Identifying peptide-receptor interactions using AlphaFold-Multimer.

alphafold_receptors_ranking

Prerequisites

  • Installation of AlphaFold 2.2.0 - we used the docker-free version provided in https://github.com/kalininalab/alphafold_non_docker
  • As we split MSA generation from prediction, copy af_scripts/run_alphafold_msaonly.py into the root directory of alphafold (that contains run_alphafold.py). This script only runs the data generation pipeline and omits the neural network execution.

Run AlphaFold

  • Execute af_scripts/precompute_msas.py to make all MSAs.
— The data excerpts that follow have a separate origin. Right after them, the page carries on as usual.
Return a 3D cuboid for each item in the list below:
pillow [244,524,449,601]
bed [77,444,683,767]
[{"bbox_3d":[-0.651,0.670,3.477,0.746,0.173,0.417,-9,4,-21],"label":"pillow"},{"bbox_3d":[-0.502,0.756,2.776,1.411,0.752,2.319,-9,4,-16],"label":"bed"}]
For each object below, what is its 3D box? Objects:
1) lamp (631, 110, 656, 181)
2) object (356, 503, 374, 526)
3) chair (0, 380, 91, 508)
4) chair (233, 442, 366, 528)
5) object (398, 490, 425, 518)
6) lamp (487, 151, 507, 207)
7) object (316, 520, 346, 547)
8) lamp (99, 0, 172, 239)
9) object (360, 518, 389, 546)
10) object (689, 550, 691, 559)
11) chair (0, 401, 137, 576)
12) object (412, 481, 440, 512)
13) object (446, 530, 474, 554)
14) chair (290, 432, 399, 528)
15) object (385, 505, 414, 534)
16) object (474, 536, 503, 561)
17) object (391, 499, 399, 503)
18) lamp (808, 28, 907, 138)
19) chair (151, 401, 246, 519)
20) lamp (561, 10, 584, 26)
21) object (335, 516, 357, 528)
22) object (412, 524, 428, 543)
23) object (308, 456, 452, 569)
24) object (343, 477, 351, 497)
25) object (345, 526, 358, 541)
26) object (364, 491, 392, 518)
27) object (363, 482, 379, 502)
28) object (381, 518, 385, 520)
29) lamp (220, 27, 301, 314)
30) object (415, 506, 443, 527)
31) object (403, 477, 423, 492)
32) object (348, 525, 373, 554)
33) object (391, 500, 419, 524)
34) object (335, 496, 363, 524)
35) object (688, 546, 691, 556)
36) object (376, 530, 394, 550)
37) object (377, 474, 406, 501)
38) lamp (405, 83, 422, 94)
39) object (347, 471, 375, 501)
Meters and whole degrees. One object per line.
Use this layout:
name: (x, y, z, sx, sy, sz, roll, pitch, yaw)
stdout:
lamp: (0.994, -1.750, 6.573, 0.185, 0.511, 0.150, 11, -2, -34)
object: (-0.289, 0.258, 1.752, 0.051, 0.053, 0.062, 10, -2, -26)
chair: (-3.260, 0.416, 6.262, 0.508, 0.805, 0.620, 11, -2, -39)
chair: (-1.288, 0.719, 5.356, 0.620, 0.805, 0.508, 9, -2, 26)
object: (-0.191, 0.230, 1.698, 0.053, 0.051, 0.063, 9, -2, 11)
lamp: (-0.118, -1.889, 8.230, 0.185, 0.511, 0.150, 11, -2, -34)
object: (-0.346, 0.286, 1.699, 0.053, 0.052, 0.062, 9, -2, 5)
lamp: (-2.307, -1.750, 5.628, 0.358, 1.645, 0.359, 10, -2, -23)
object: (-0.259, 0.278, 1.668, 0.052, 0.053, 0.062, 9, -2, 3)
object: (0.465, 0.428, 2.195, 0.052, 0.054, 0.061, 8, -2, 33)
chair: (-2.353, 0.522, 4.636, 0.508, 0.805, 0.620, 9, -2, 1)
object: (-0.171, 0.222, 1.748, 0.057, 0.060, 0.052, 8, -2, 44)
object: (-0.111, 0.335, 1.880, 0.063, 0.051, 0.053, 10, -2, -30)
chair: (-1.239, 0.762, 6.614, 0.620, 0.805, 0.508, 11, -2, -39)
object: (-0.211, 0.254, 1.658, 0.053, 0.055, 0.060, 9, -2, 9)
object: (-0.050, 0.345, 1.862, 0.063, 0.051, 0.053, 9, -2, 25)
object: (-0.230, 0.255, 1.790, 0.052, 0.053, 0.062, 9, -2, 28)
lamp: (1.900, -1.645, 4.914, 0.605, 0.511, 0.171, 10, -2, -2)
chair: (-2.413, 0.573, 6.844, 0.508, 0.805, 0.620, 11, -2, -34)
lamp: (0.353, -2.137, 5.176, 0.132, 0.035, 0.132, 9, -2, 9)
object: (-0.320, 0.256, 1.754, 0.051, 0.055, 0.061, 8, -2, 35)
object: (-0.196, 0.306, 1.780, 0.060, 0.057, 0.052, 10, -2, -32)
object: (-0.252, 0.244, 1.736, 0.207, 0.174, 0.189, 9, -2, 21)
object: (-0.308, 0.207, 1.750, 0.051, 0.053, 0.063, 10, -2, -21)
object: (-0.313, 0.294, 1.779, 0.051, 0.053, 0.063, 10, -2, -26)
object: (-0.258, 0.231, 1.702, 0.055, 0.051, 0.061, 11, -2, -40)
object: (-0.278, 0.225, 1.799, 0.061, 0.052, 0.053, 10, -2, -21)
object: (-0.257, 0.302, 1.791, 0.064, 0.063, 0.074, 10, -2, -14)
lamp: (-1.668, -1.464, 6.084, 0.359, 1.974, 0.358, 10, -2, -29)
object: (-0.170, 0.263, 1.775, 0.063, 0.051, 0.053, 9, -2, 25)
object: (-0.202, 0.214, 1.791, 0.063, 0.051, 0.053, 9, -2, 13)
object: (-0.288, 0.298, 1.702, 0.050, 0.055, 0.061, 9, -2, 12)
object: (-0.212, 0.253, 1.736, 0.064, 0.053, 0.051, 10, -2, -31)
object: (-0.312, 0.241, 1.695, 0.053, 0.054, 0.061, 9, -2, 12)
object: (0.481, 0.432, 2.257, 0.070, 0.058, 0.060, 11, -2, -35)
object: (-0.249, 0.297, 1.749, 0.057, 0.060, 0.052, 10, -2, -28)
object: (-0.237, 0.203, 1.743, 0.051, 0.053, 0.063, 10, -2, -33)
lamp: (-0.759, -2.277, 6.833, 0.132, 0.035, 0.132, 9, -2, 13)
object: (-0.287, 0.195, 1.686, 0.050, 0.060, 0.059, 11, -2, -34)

The working directory needs to be the alphafold root dir. To change the data or run parameters, modify the variables on lines 14 to 21.
  • Execute af_scripts/predict_from_precomputed.py to predict all pairwise complexes. Modify the variables on lines 18 to 26 if you changed the data or msa directories. The script is meant to be executed on a GPU node and spawns multiple AlphaFold processes in parallel. Modify GPU_AVAILABLE starting from line 34 to match your GPU setup (default assumes 8 GPUs available)

Rank receptors

  • The function to extract the metrics from a single alphafold result is defined in qc_metrics.py. In benchmark.ipynb, we apply this function to all results, aggregate the metrics and rank the receptors. The notebook produces the results presented in the manuscript.